Certifique-se de que o injetor está configurado para uma pressão de 600 quilopascals e um tempo de injeção de 0,5 segundos. Se ele ainda não estiver afastado do estágio do microscópio, gire o braço de injeção para ter certeza de que está e remova sua cabeça de aperto. Carregue a ponta da broca com 10 microlitadores do inóculo, segurando a ponta da broca suavemente em sua extremidade contundente.

Coloque a ponta da broca na cabeça de aperto e recoloque-a no braço de micro-injeção. Mova suavemente o braço para uma posição onde a agulha está situada de um a dois centímetros acima da antena de micro-injeção. Use o controle do braço para posicionar a ponta da agulha no centro do prato, e abaixe-a até que esteja logo acima da superfície da mídia.

Programe a estação de controle de braço para devolver a agulha a este ponto depois de todas as injeções. Concentre o microscópio nos organoides e selecione o alvo para injetar. Posicione a agulha logo acima e o direito do organoide a ser injetado, e mova a agulha para baixo e lateralmente para o lúmen organoide.

Pressione o botão de injeção no micro-injetor para deixar a mistura de bactérias manchadas de fenol emergir da agulha. E injetar cada organoide três vezes. Quando todos os organoides necessários forem injetados, remova a placa de micro-injeção do palco, substitua a tampa e incuba a placa a 37 graus Celsius por 90 minutos.

Após a incubação, aspire a mídia de crescimento e substitua-a por três mililitros de solução de elevação celular. Em seguida, incubar a quatro graus Celsius por 45 minutos. Em seguida, mova suavemente os organoides e a solução de elevação celular para um tubo cônico de 15 mililitros contendo cinco mililitros de DPBS.

Centrifugar a 370 vezes G por três minutos. Remova o supernatante e adicione um mililitro da mídia de crescimento base contendo 0,1 miligramas por gentamicina mililitro. Em seguida, com um P1000, pipeta para cima e para baixo aproximadamente 50 vezes para quebrar os organoides.
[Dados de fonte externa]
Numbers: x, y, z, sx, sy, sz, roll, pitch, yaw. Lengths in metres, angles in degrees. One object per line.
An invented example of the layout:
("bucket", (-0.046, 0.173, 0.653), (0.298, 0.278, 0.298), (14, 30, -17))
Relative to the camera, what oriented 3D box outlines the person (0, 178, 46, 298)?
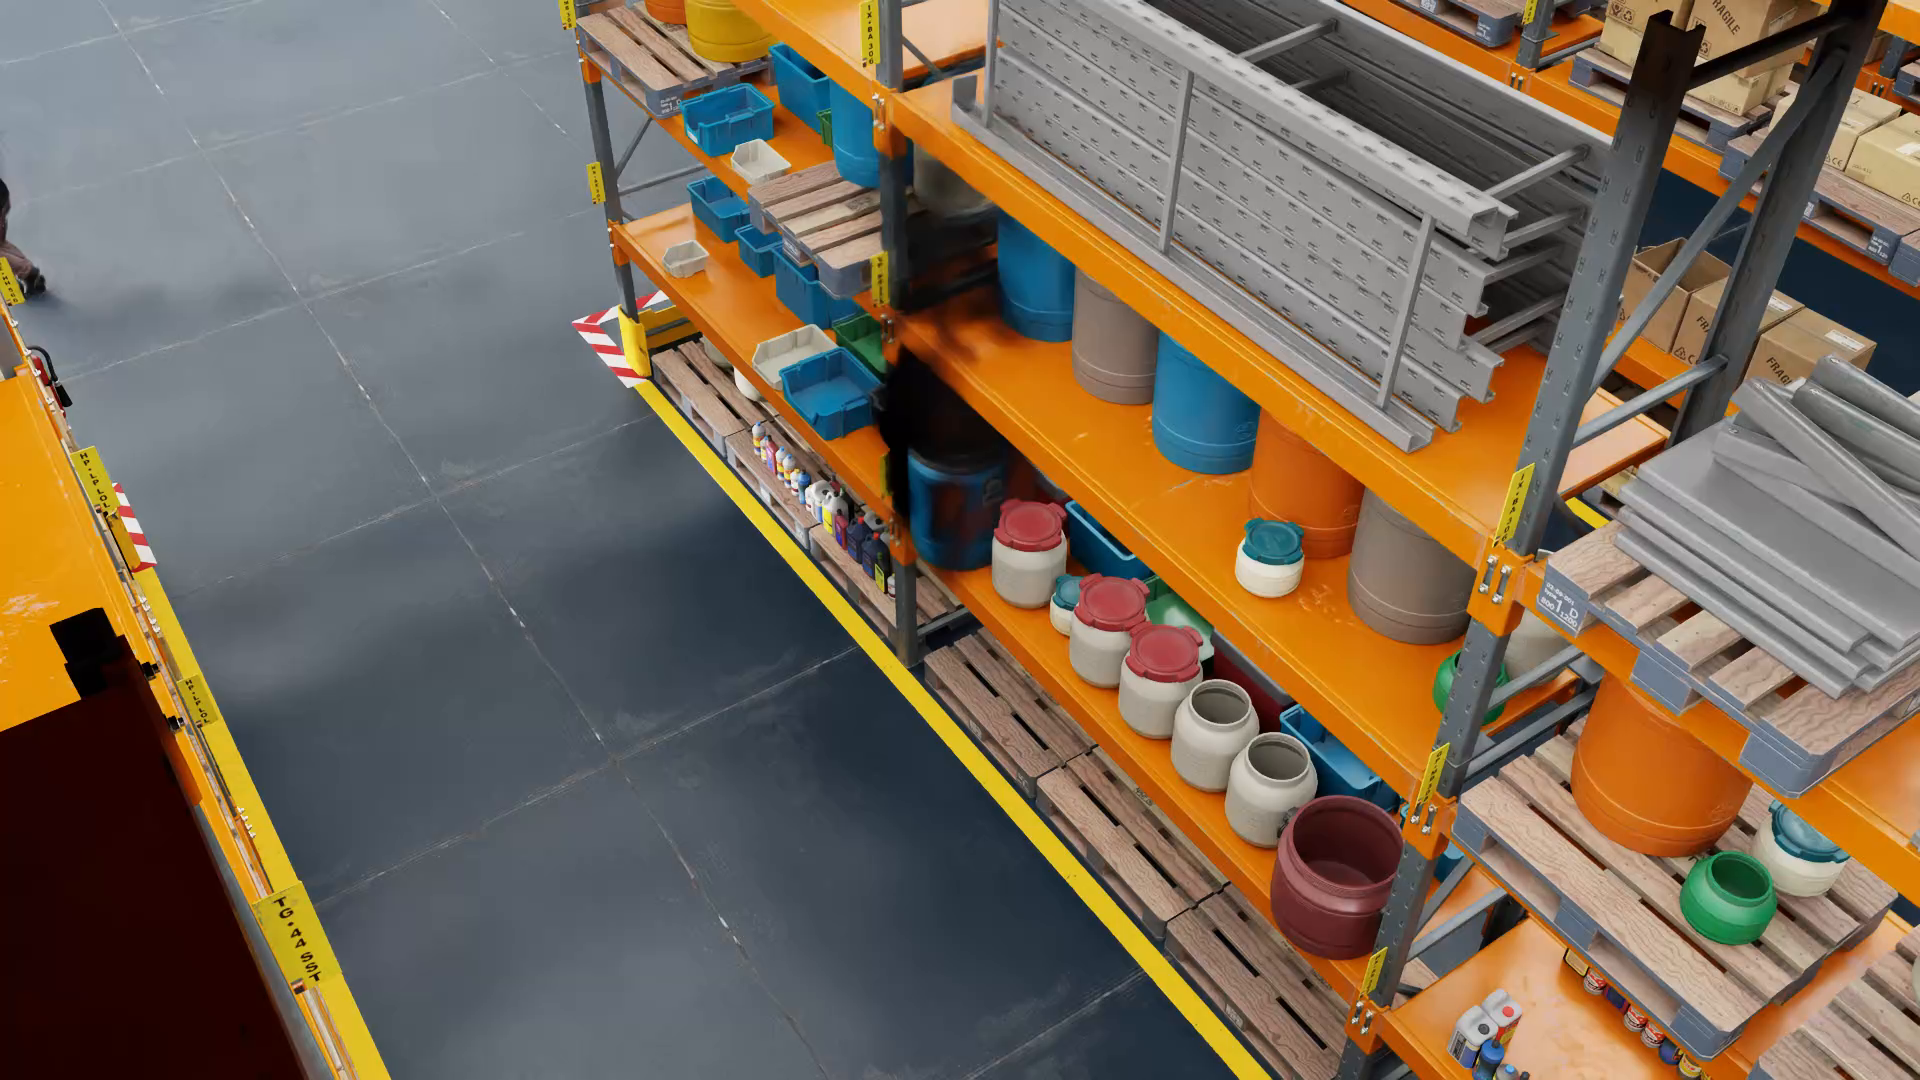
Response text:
("person", (-7.947, -2.694, 13.439), (0.565, 1.675, 0.651), (-5, 43, -6))

Adicione quatro mililitros mais mídia, e incubar a 37 graus Celsius por uma hora para matar bactérias extracelulares. Em seguida, centrifugar os organoides a 370 vezes G por três minutos. Aspire o supernascida, deixando o mínimo possível.

Lave os organoides com DPBS uma vez e centrífuga novamente. Adicione 500 microliters do tampão de lise, e pipeta para cima e para baixo aproximadamente 50 vezes para dissociar manualmente os organoides intestinais humanos. Depois de incubar à temperatura ambiente por cinco minutos, diluir em série a solução resultante dez vezes em DPBS.

Pipeta três gotículas de 20 mícrons das soluções limpas e diluídas em placas de ágar LB pré-aquecidas. Finalmente, incubar a 37 graus Celsius durante a noite e prosseguir com a contagem de colônias. Os organoides intestinais humanos foram micro-injetados com a solução bacteriana vermelha fenol.

A retenção desta cor vermelha pelos organoides previne injeções duplicadas. O pré-tratamento dos organoides intestinais humanos derivados da linha celular COF-2 com IL-22 humano recombinante restringe a invasão do S.typhimurium SL1344 em células epiteliais intestinais. Os organoides infectados foram processados para imuno-coloração, ou microscopia eletrônica de transmissão, a fim de facilitar a visualização das interações bacterianas do IEC hospedeiro.

O RNA pode ser extraído dos organoides injetados para olhar a resposta transcriômica à infecção. Fluorescência e microscopia eletrônica também podem ser usadas para observar interações de patógenos hospedeiros com mais detalhes. A coisa mais importante a se lembrar é garantir que você tenha praticado o suficiente no micro-injetor para ser capaz de completar suas injeções de forma rápida e eficiente para resultados consistentes.

As pontas da broca de micro-injeção têm um ponto fino e afiado, e deve-se tomar cuidado ao carregá-las e descarregá-las do micro-injetor. Esta técnica permite que interações de patógenos de células epiteliais sejam estudadas em detalhes anteriormente inalcançáveis. Este modelo de infecção será de uso particular para aqueles que estudam patógenos específicos do homem.